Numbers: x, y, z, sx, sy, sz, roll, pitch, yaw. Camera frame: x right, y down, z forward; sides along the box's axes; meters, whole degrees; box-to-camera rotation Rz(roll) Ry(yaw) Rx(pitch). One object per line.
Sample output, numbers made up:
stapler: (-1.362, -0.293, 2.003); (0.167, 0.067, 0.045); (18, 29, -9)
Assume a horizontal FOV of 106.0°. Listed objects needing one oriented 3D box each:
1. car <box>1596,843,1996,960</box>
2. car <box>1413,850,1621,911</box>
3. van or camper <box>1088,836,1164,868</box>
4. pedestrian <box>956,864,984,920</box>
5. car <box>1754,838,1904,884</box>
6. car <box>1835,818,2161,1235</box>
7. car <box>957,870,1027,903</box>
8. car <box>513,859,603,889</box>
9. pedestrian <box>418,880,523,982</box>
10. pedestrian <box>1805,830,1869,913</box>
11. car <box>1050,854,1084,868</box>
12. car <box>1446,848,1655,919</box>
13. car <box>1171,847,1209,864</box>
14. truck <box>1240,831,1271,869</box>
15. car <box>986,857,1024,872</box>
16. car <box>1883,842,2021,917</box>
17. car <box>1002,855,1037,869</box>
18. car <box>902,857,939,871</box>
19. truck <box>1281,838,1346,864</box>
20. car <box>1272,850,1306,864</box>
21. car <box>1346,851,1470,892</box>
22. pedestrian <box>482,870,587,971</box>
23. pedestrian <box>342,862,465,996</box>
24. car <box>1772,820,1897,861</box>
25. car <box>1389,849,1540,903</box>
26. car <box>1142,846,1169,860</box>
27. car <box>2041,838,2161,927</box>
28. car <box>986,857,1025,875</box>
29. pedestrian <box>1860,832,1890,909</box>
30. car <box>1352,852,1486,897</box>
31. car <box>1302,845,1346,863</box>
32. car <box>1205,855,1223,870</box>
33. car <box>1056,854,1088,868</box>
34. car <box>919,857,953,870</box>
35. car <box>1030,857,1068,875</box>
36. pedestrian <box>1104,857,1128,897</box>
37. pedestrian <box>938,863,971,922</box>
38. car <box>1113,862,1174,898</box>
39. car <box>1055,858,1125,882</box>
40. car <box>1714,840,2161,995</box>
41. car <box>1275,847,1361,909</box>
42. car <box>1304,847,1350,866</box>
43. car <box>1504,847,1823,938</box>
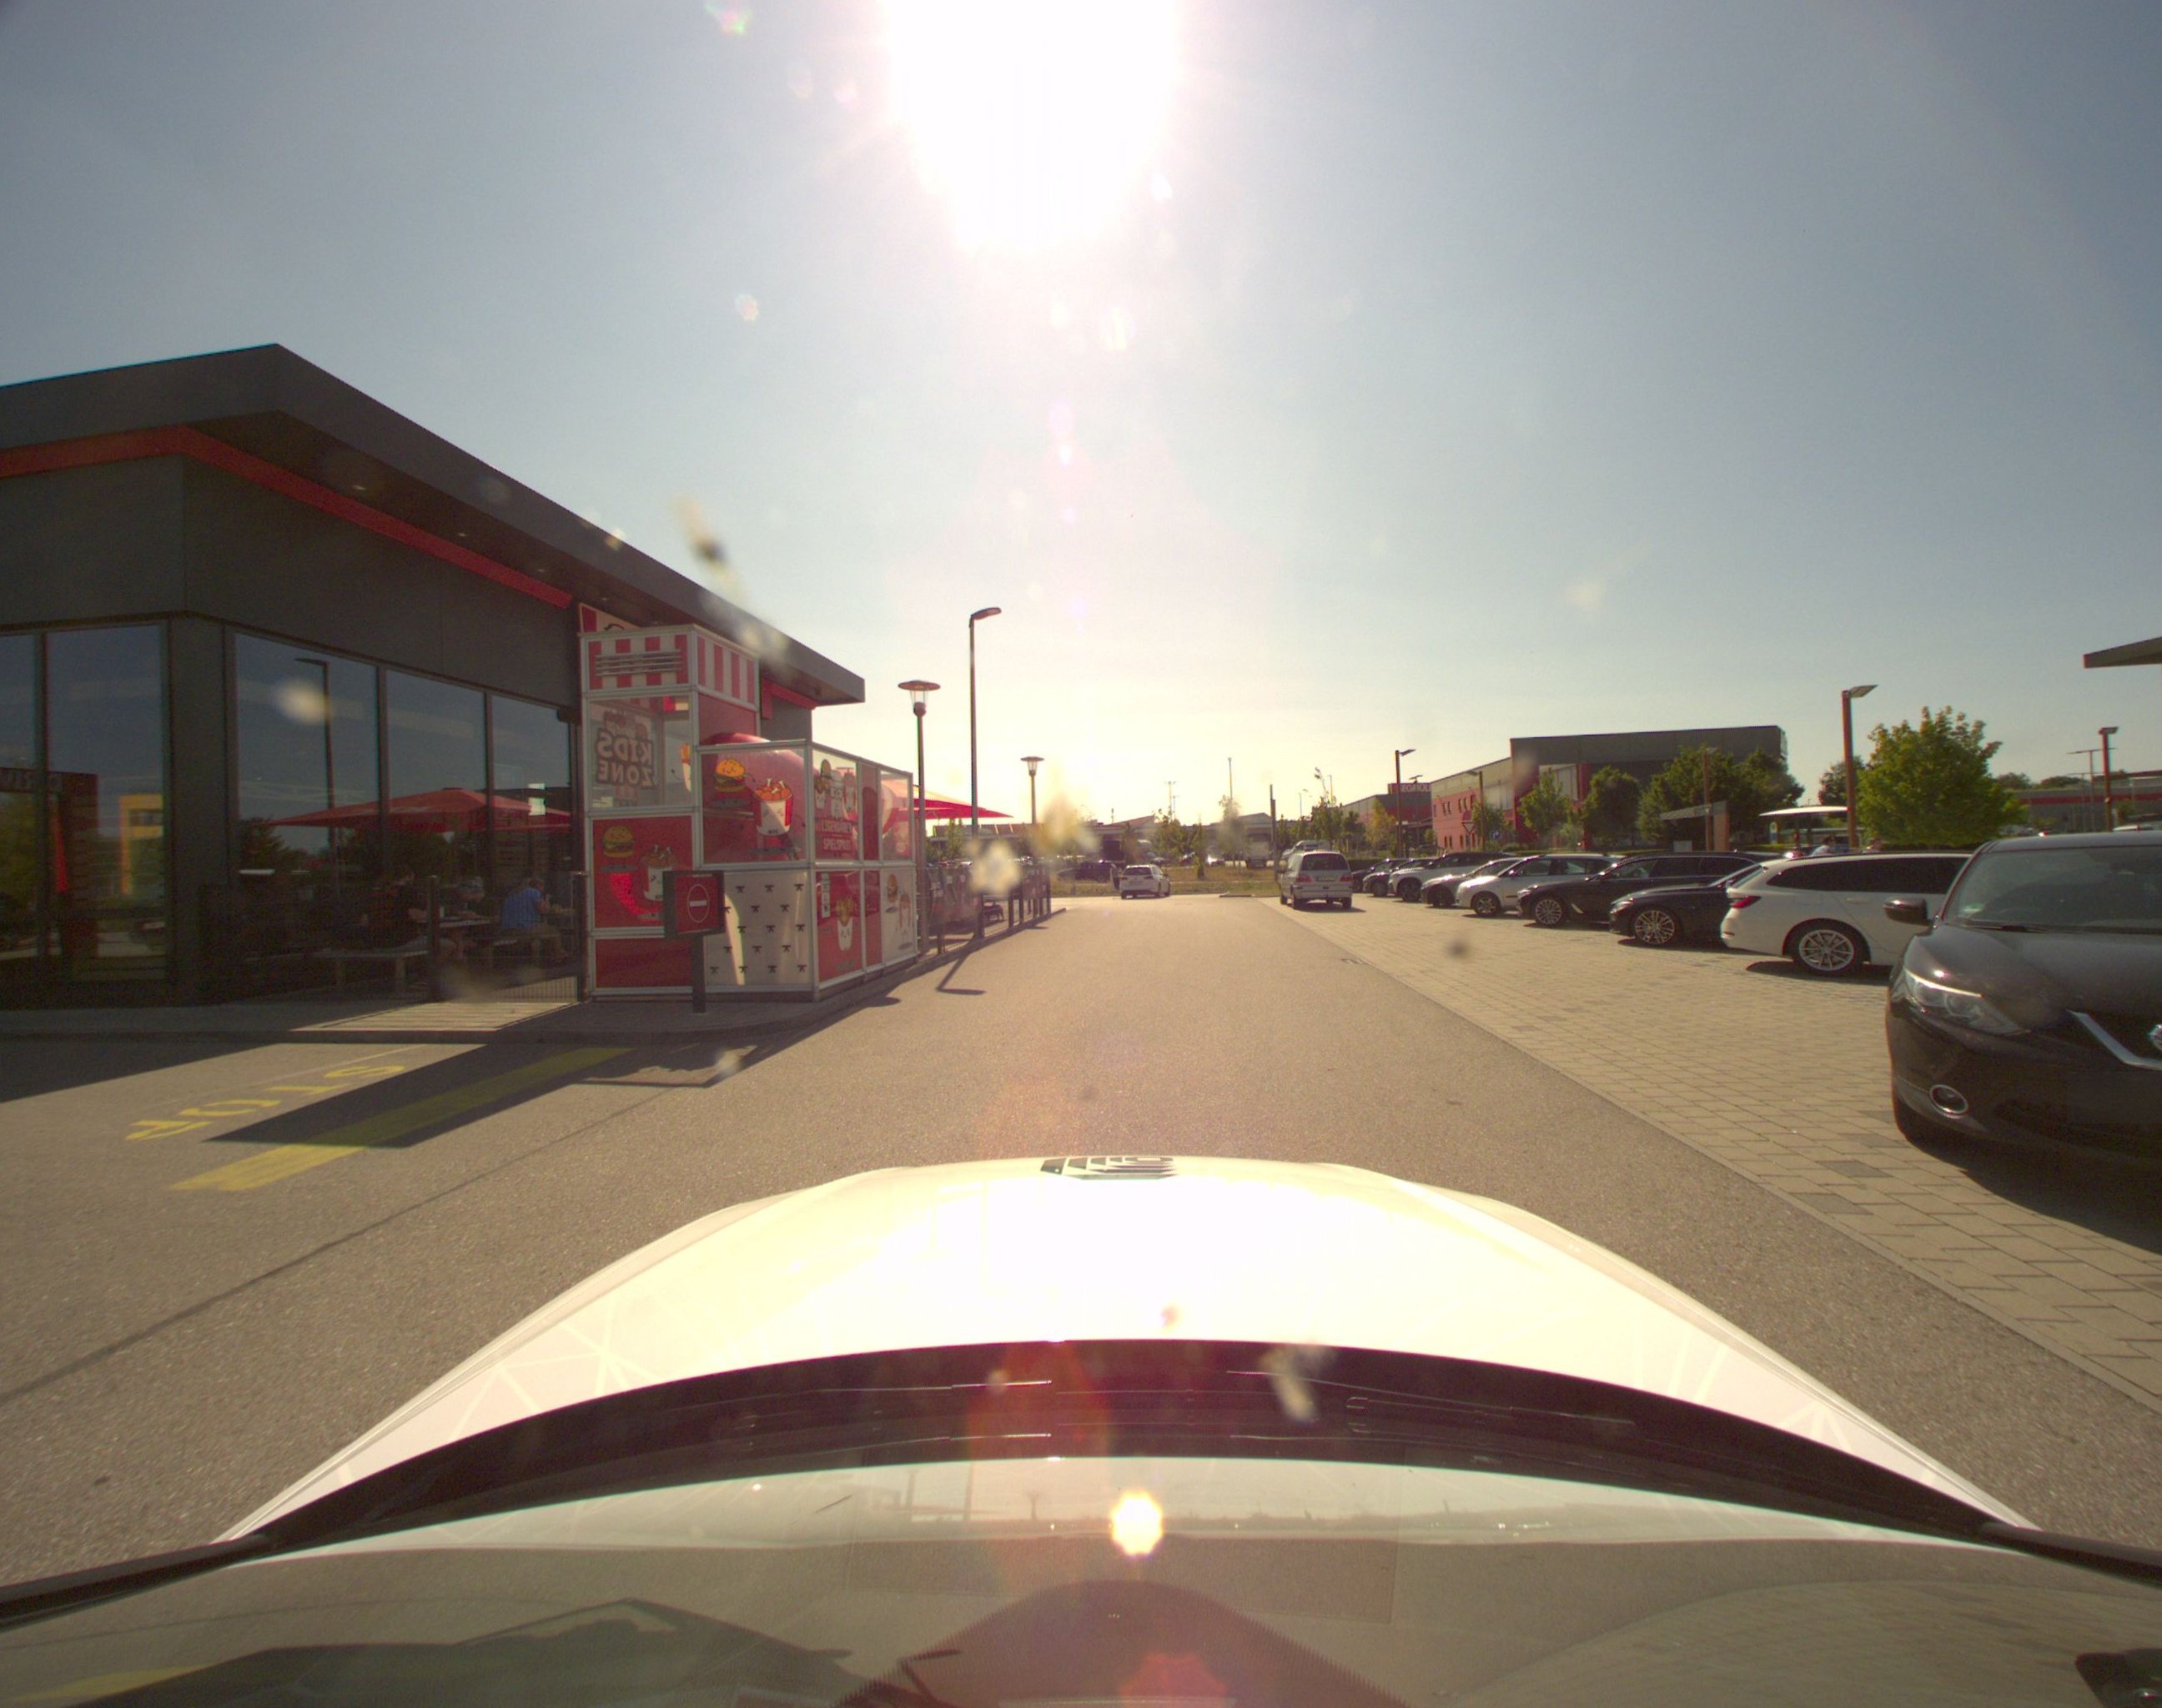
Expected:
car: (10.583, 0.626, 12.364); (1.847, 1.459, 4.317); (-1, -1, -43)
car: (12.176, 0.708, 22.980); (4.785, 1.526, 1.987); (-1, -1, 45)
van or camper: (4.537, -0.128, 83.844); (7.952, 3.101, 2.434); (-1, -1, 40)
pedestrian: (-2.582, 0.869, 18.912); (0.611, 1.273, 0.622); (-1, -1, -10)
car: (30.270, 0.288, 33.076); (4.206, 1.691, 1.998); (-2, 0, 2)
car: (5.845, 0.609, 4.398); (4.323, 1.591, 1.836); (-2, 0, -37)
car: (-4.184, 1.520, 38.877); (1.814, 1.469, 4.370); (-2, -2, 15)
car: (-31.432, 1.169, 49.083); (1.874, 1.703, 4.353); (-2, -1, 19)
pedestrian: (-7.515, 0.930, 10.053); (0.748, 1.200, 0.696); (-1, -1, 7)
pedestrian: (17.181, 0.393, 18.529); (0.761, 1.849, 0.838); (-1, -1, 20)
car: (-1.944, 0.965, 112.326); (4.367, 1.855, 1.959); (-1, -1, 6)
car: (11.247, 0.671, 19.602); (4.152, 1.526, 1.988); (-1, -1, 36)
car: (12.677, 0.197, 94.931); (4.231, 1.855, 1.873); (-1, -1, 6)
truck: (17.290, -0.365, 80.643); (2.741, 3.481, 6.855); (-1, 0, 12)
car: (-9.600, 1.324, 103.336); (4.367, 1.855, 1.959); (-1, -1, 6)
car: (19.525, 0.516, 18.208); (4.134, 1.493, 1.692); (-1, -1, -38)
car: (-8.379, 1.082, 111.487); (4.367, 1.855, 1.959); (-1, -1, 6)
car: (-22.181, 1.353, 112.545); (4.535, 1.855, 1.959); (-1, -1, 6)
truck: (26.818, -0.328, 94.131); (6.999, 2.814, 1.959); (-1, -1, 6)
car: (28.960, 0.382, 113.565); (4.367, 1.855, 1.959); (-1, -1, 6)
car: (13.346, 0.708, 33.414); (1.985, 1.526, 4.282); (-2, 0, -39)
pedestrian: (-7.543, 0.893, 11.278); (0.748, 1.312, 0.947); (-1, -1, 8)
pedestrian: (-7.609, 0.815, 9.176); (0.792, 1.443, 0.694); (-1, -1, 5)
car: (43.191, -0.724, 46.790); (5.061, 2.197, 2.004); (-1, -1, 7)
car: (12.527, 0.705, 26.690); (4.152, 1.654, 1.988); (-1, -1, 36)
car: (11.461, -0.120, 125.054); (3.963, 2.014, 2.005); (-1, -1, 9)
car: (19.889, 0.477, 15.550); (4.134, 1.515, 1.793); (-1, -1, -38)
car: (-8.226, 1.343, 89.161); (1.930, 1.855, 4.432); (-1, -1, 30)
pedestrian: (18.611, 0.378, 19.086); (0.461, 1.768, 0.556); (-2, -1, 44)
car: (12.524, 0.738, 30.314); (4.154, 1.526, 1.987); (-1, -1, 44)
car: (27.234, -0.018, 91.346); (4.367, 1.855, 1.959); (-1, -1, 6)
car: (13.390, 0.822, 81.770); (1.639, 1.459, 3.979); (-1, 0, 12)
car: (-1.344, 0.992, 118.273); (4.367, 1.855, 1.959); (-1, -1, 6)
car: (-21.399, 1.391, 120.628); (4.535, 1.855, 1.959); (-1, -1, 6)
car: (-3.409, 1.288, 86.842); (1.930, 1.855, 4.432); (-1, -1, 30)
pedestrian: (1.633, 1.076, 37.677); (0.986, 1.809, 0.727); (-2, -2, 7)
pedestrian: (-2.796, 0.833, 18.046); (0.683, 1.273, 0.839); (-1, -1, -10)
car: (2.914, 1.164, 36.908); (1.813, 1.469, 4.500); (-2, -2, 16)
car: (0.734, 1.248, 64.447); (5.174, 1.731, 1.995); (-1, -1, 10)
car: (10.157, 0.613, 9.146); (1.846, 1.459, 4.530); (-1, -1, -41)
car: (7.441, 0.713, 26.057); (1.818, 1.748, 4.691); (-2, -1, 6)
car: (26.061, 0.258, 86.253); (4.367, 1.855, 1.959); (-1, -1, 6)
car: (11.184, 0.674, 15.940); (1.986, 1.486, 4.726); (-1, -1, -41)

::::::::

Activity: All entries should be restated word for word; no images belong in the copy.

The completed task:
Numbers: x, y, z, sx, sy, sz, roll, pitch, yaw. Camera frame: x right, y down, z forward; sides along the box's axes; meters, whole degrees; box-to-camera rotation Rz(roll) Ry(yaw) Rx(pitch). One object per line.
Sample output, numbers made up:
stapler: (-1.362, -0.293, 2.003); (0.167, 0.067, 0.045); (18, 29, -9)
Assume a horizontal FOV of 106.0°. Listed objects needing one oriented 3D box each:
1. car <box>1596,843,1996,960</box>
2. car <box>1413,850,1621,911</box>
3. van or camper <box>1088,836,1164,868</box>
4. pedestrian <box>956,864,984,920</box>
5. car <box>1754,838,1904,884</box>
6. car <box>1835,818,2161,1235</box>
7. car <box>957,870,1027,903</box>
8. car <box>513,859,603,889</box>
9. pedestrian <box>418,880,523,982</box>
10. pedestrian <box>1805,830,1869,913</box>
11. car <box>1050,854,1084,868</box>
12. car <box>1446,848,1655,919</box>
13. car <box>1171,847,1209,864</box>
14. truck <box>1240,831,1271,869</box>
15. car <box>986,857,1024,872</box>
16. car <box>1883,842,2021,917</box>
17. car <box>1002,855,1037,869</box>
18. car <box>902,857,939,871</box>
19. truck <box>1281,838,1346,864</box>
20. car <box>1272,850,1306,864</box>
21. car <box>1346,851,1470,892</box>
22. pedestrian <box>482,870,587,971</box>
23. pedestrian <box>342,862,465,996</box>
24. car <box>1772,820,1897,861</box>
25. car <box>1389,849,1540,903</box>
26. car <box>1142,846,1169,860</box>
27. car <box>2041,838,2161,927</box>
28. car <box>986,857,1025,875</box>
29. pedestrian <box>1860,832,1890,909</box>
30. car <box>1352,852,1486,897</box>
31. car <box>1302,845,1346,863</box>
32. car <box>1205,855,1223,870</box>
33. car <box>1056,854,1088,868</box>
34. car <box>919,857,953,870</box>
35. car <box>1030,857,1068,875</box>
36. pedestrian <box>1104,857,1128,897</box>
37. pedestrian <box>938,863,971,922</box>
38. car <box>1113,862,1174,898</box>
39. car <box>1055,858,1125,882</box>
40. car <box>1714,840,2161,995</box>
41. car <box>1275,847,1361,909</box>
42. car <box>1304,847,1350,866</box>
43. car <box>1504,847,1823,938</box>
Expected:
car: (10.583, 0.626, 12.364); (1.847, 1.459, 4.317); (-1, -1, -43)
car: (12.176, 0.708, 22.980); (4.785, 1.526, 1.987); (-1, -1, 45)
van or camper: (4.537, -0.128, 83.844); (7.952, 3.101, 2.434); (-1, -1, 40)
pedestrian: (-2.582, 0.869, 18.912); (0.611, 1.273, 0.622); (-1, -1, -10)
car: (30.270, 0.288, 33.076); (4.206, 1.691, 1.998); (-2, 0, 2)
car: (5.845, 0.609, 4.398); (4.323, 1.591, 1.836); (-2, 0, -37)
car: (-4.184, 1.520, 38.877); (1.814, 1.469, 4.370); (-2, -2, 15)
car: (-31.432, 1.169, 49.083); (1.874, 1.703, 4.353); (-2, -1, 19)
pedestrian: (-7.515, 0.930, 10.053); (0.748, 1.200, 0.696); (-1, -1, 7)
pedestrian: (17.181, 0.393, 18.529); (0.761, 1.849, 0.838); (-1, -1, 20)
car: (-1.944, 0.965, 112.326); (4.367, 1.855, 1.959); (-1, -1, 6)
car: (11.247, 0.671, 19.602); (4.152, 1.526, 1.988); (-1, -1, 36)
car: (12.677, 0.197, 94.931); (4.231, 1.855, 1.873); (-1, -1, 6)
truck: (17.290, -0.365, 80.643); (2.741, 3.481, 6.855); (-1, 0, 12)
car: (-9.600, 1.324, 103.336); (4.367, 1.855, 1.959); (-1, -1, 6)
car: (19.525, 0.516, 18.208); (4.134, 1.493, 1.692); (-1, -1, -38)
car: (-8.379, 1.082, 111.487); (4.367, 1.855, 1.959); (-1, -1, 6)
car: (-22.181, 1.353, 112.545); (4.535, 1.855, 1.959); (-1, -1, 6)
truck: (26.818, -0.328, 94.131); (6.999, 2.814, 1.959); (-1, -1, 6)
car: (28.960, 0.382, 113.565); (4.367, 1.855, 1.959); (-1, -1, 6)
car: (13.346, 0.708, 33.414); (1.985, 1.526, 4.282); (-2, 0, -39)
pedestrian: (-7.543, 0.893, 11.278); (0.748, 1.312, 0.947); (-1, -1, 8)
pedestrian: (-7.609, 0.815, 9.176); (0.792, 1.443, 0.694); (-1, -1, 5)
car: (43.191, -0.724, 46.790); (5.061, 2.197, 2.004); (-1, -1, 7)
car: (12.527, 0.705, 26.690); (4.152, 1.654, 1.988); (-1, -1, 36)
car: (11.461, -0.120, 125.054); (3.963, 2.014, 2.005); (-1, -1, 9)
car: (19.889, 0.477, 15.550); (4.134, 1.515, 1.793); (-1, -1, -38)
car: (-8.226, 1.343, 89.161); (1.930, 1.855, 4.432); (-1, -1, 30)
pedestrian: (18.611, 0.378, 19.086); (0.461, 1.768, 0.556); (-2, -1, 44)
car: (12.524, 0.738, 30.314); (4.154, 1.526, 1.987); (-1, -1, 44)
car: (27.234, -0.018, 91.346); (4.367, 1.855, 1.959); (-1, -1, 6)
car: (13.390, 0.822, 81.770); (1.639, 1.459, 3.979); (-1, 0, 12)
car: (-1.344, 0.992, 118.273); (4.367, 1.855, 1.959); (-1, -1, 6)
car: (-21.399, 1.391, 120.628); (4.535, 1.855, 1.959); (-1, -1, 6)
car: (-3.409, 1.288, 86.842); (1.930, 1.855, 4.432); (-1, -1, 30)
pedestrian: (1.633, 1.076, 37.677); (0.986, 1.809, 0.727); (-2, -2, 7)
pedestrian: (-2.796, 0.833, 18.046); (0.683, 1.273, 0.839); (-1, -1, -10)
car: (2.914, 1.164, 36.908); (1.813, 1.469, 4.500); (-2, -2, 16)
car: (0.734, 1.248, 64.447); (5.174, 1.731, 1.995); (-1, -1, 10)
car: (10.157, 0.613, 9.146); (1.846, 1.459, 4.530); (-1, -1, -41)
car: (7.441, 0.713, 26.057); (1.818, 1.748, 4.691); (-2, -1, 6)
car: (26.061, 0.258, 86.253); (4.367, 1.855, 1.959); (-1, -1, 6)
car: (11.184, 0.674, 15.940); (1.986, 1.486, 4.726); (-1, -1, -41)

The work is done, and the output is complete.